## Problem requirements
Scan the material and copy out each line where the word "screenshot" occurs.

++++ Data in this exercise ++++

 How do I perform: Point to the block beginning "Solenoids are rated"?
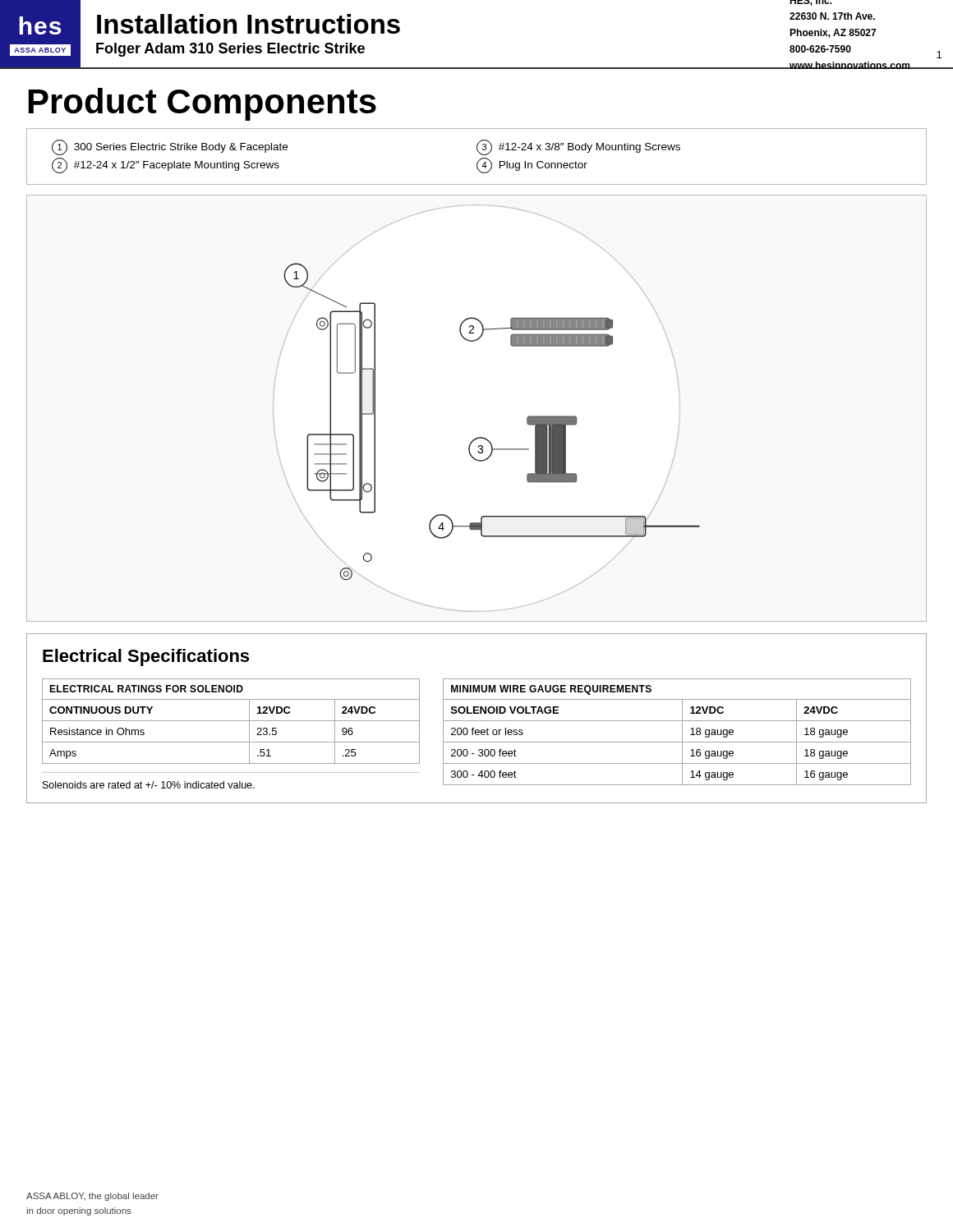(x=149, y=785)
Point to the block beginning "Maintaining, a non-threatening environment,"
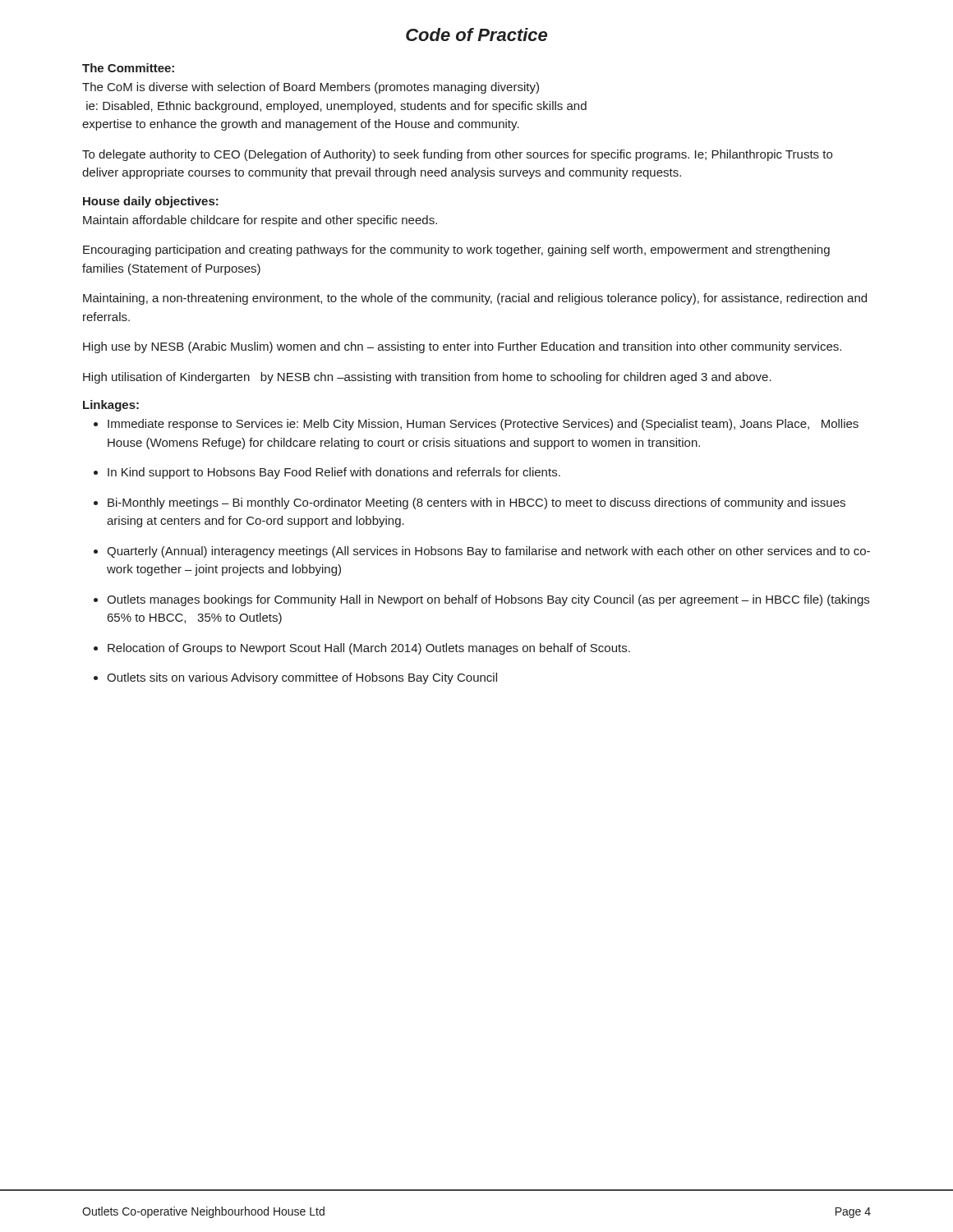Screen dimensions: 1232x953 click(475, 307)
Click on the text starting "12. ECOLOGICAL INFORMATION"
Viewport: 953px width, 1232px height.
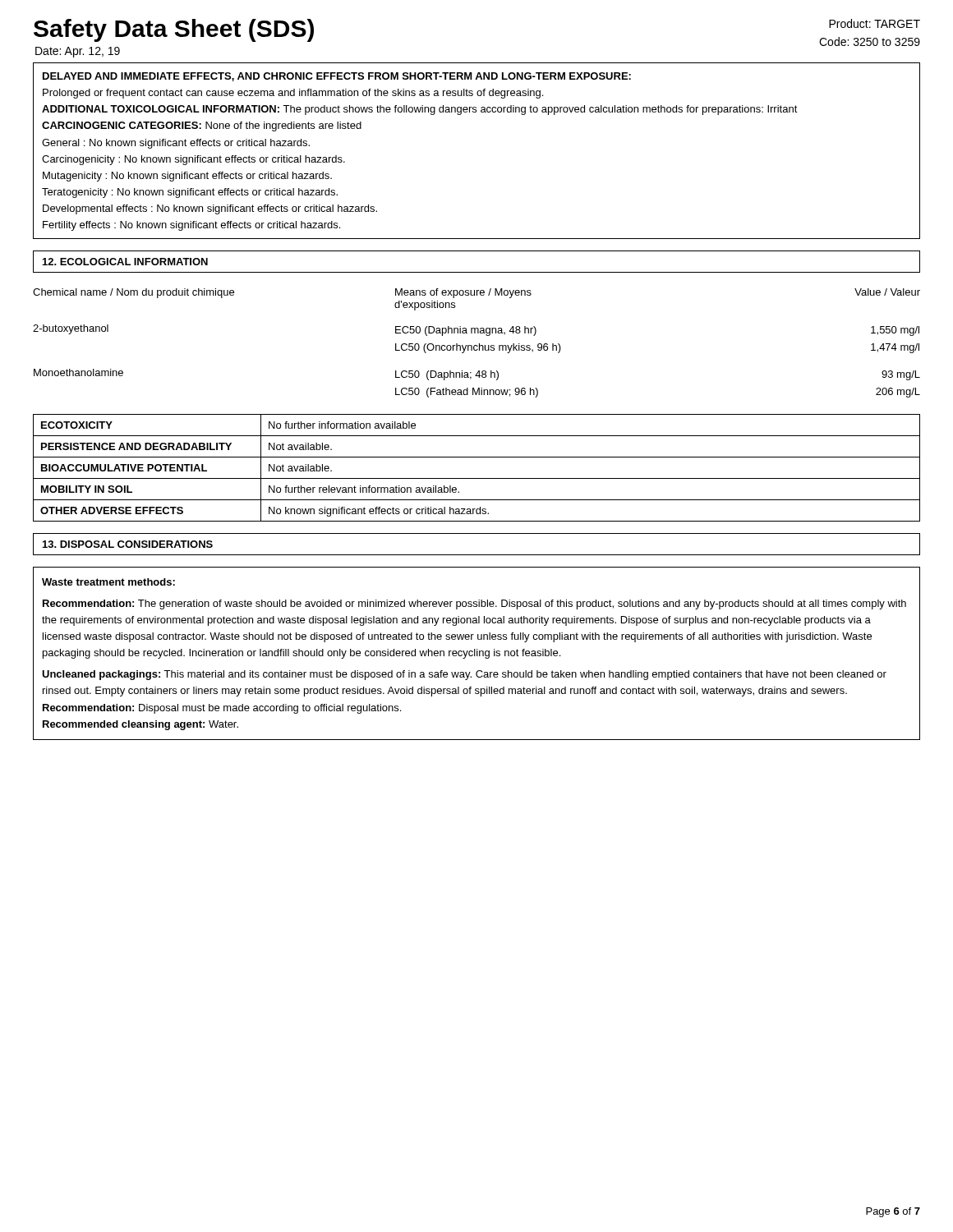(125, 262)
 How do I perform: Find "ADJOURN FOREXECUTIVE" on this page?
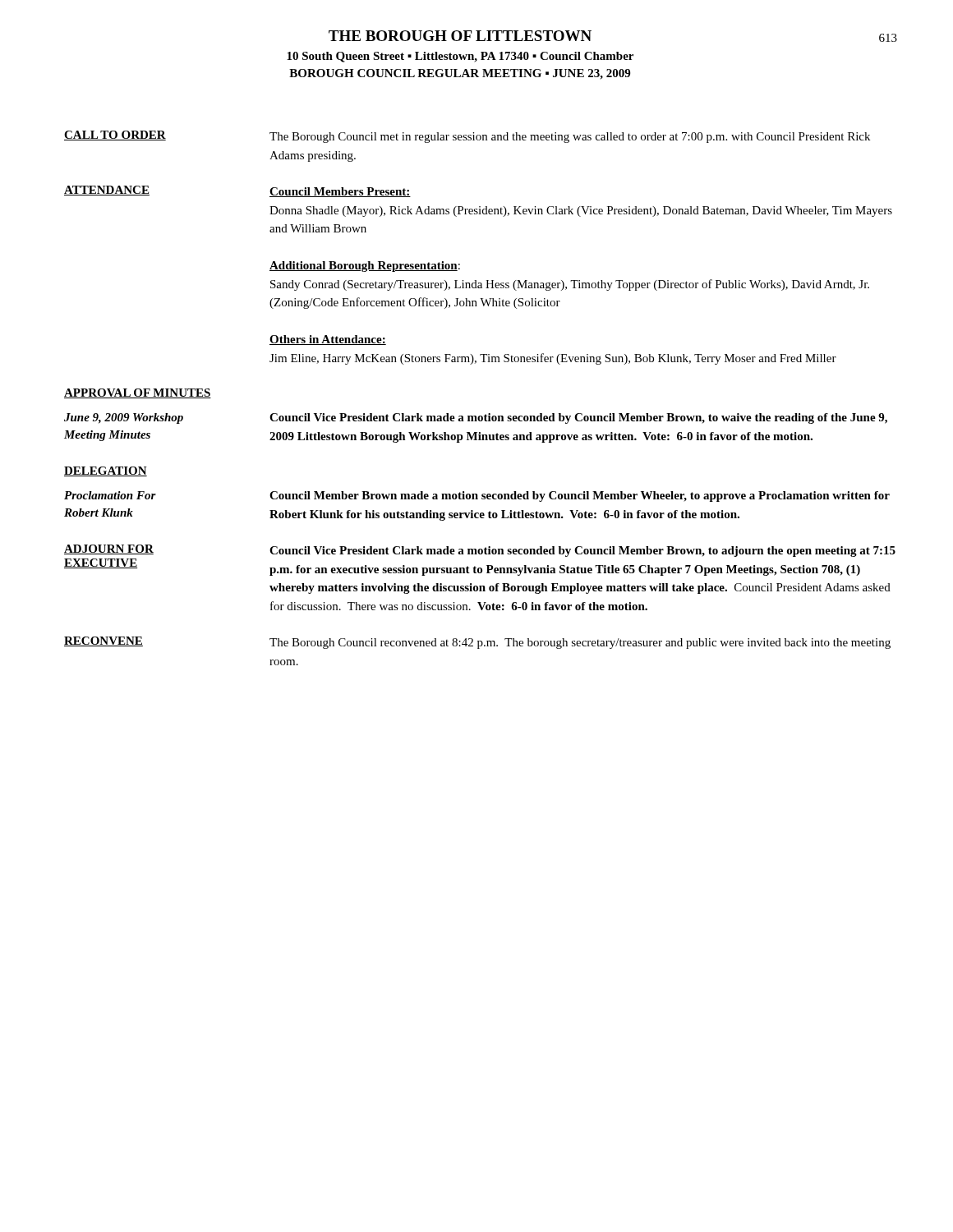pyautogui.click(x=109, y=556)
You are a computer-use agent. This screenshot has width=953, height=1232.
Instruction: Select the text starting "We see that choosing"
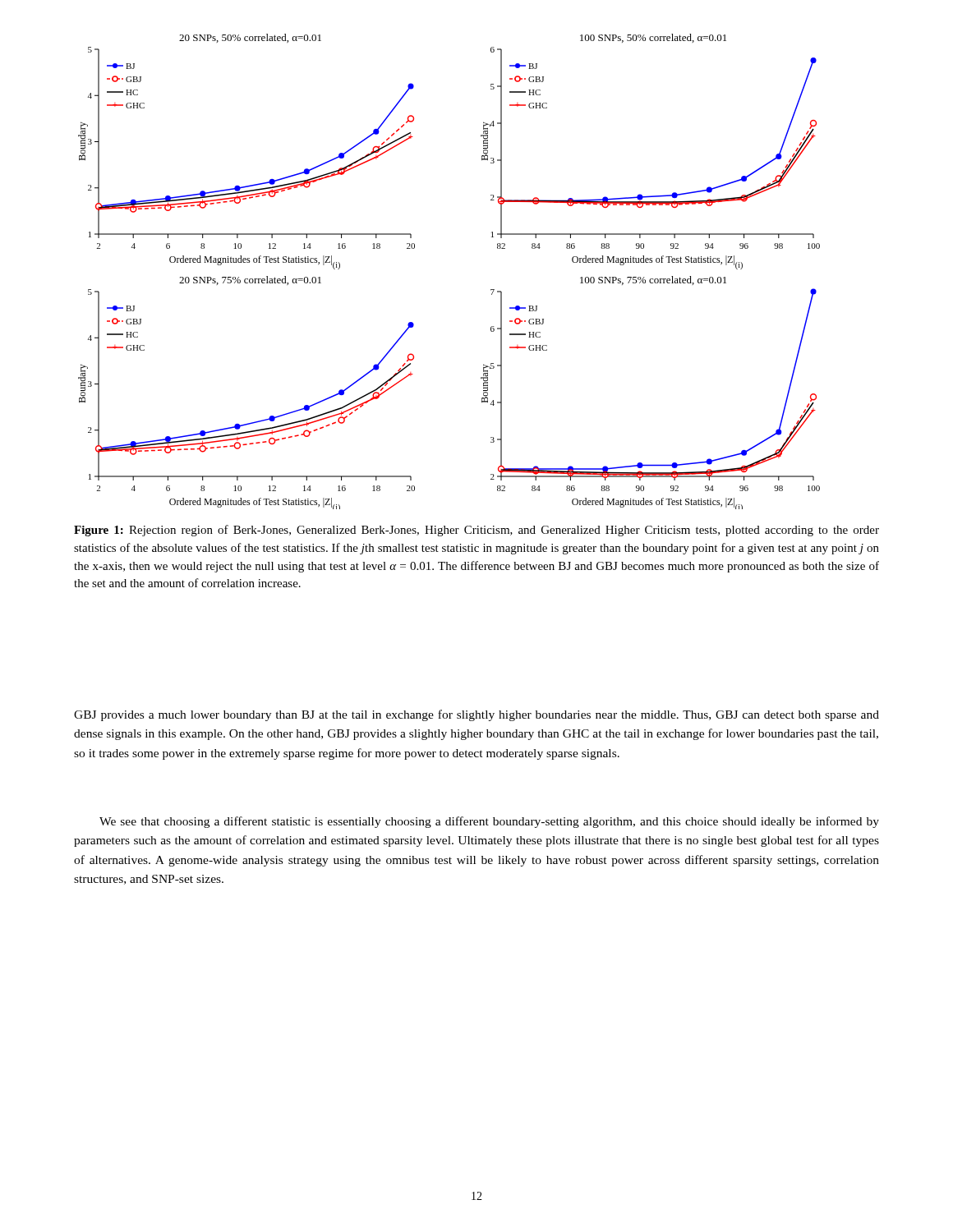tap(476, 850)
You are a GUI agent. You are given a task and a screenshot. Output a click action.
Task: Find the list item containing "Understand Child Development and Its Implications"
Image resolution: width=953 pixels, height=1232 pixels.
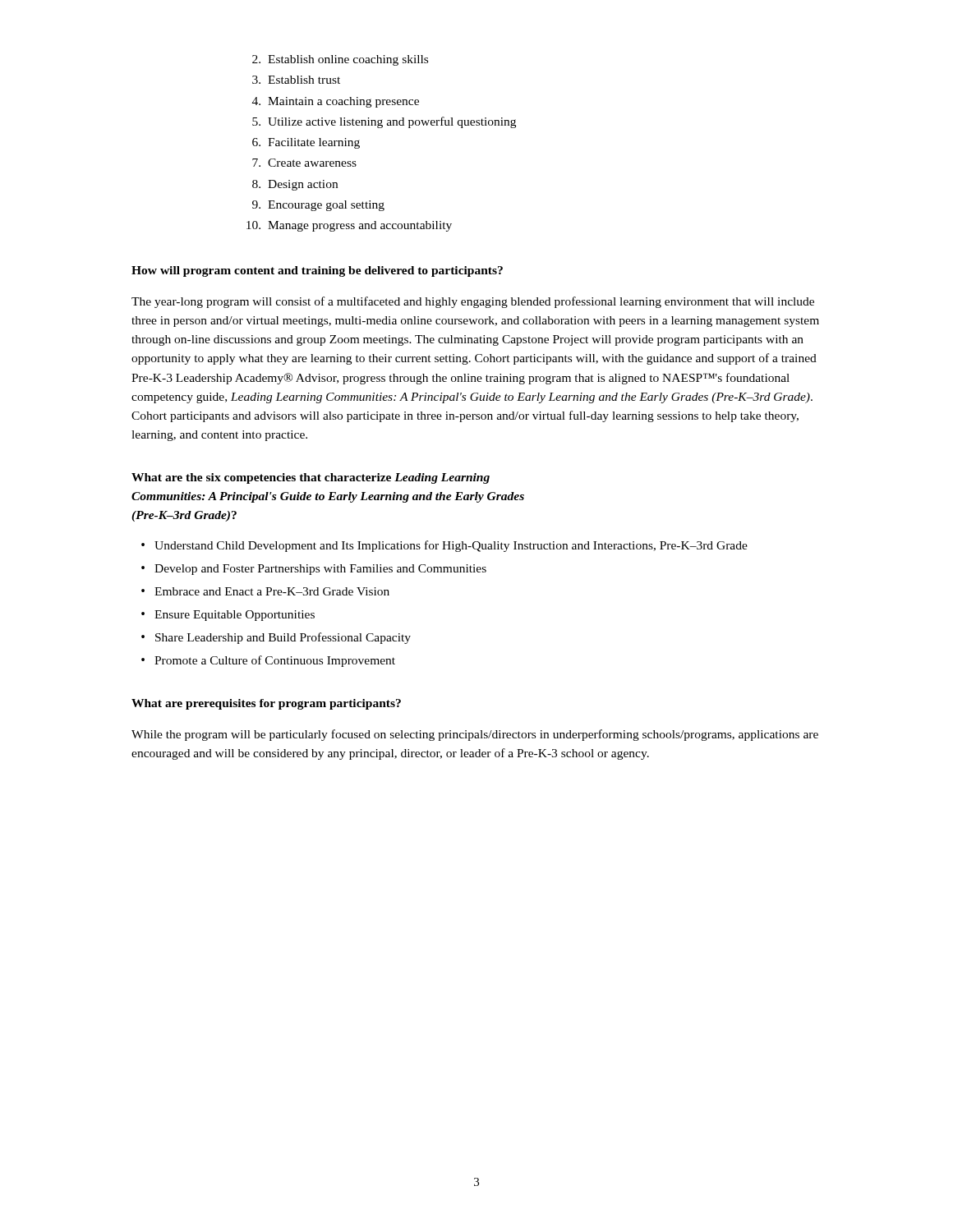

++++

## Response
You are a computer-use agent. This screenshot has width=953, height=1232.
You are a GUI agent. You are given a task and a screenshot. Output a click action.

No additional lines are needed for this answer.